Segment Start: Source data

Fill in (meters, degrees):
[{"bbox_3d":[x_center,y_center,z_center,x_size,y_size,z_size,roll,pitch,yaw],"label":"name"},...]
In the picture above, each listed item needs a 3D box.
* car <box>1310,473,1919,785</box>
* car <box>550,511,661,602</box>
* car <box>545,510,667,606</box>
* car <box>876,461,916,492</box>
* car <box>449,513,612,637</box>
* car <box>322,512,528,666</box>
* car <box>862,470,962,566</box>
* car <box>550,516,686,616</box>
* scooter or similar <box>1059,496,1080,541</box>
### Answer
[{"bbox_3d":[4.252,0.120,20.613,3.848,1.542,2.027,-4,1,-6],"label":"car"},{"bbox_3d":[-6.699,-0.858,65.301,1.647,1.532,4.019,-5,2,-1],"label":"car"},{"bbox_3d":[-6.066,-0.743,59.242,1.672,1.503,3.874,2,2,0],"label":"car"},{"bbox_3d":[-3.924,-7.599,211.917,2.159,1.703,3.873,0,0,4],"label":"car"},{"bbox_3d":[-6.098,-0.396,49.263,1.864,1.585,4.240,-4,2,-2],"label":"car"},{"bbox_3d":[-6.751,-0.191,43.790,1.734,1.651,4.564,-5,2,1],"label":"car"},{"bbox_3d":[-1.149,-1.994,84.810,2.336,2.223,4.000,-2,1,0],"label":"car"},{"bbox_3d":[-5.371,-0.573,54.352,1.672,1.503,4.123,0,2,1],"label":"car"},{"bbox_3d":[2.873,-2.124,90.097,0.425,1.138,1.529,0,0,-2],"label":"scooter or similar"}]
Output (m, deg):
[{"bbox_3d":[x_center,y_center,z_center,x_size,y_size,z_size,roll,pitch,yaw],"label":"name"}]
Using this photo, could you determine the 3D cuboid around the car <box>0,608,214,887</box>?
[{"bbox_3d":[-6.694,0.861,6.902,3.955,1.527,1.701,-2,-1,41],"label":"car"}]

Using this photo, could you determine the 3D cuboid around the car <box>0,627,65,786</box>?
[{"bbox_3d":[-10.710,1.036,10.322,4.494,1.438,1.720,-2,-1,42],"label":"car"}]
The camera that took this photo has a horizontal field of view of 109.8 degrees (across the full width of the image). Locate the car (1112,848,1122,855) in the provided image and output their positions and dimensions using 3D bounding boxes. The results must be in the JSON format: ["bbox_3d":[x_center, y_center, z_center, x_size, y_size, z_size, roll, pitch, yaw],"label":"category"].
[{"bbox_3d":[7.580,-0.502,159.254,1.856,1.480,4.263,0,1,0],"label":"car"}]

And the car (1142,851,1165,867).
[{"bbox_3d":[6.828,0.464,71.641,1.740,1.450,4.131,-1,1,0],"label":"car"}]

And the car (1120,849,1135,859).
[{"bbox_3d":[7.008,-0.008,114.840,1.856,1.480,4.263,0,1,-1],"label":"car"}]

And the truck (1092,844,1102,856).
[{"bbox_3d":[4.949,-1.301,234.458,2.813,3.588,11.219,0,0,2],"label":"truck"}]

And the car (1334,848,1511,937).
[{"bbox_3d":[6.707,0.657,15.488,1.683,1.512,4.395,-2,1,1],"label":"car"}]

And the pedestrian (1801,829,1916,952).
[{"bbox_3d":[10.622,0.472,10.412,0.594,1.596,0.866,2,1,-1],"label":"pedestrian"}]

Segment End: Source data

→ Work instruction
Show all lines of the material in which the word "name" can be found.

→ Exercise result
[{"bbox_3d":[x_center,y_center,z_center,x_size,y_size,z_size,roll,pitch,yaw],"label":"name"},...]
[{"bbox_3d":[x_center,y_center,z_center,x_size,y_size,z_size,roll,pitch,yaw],"label":"name"}]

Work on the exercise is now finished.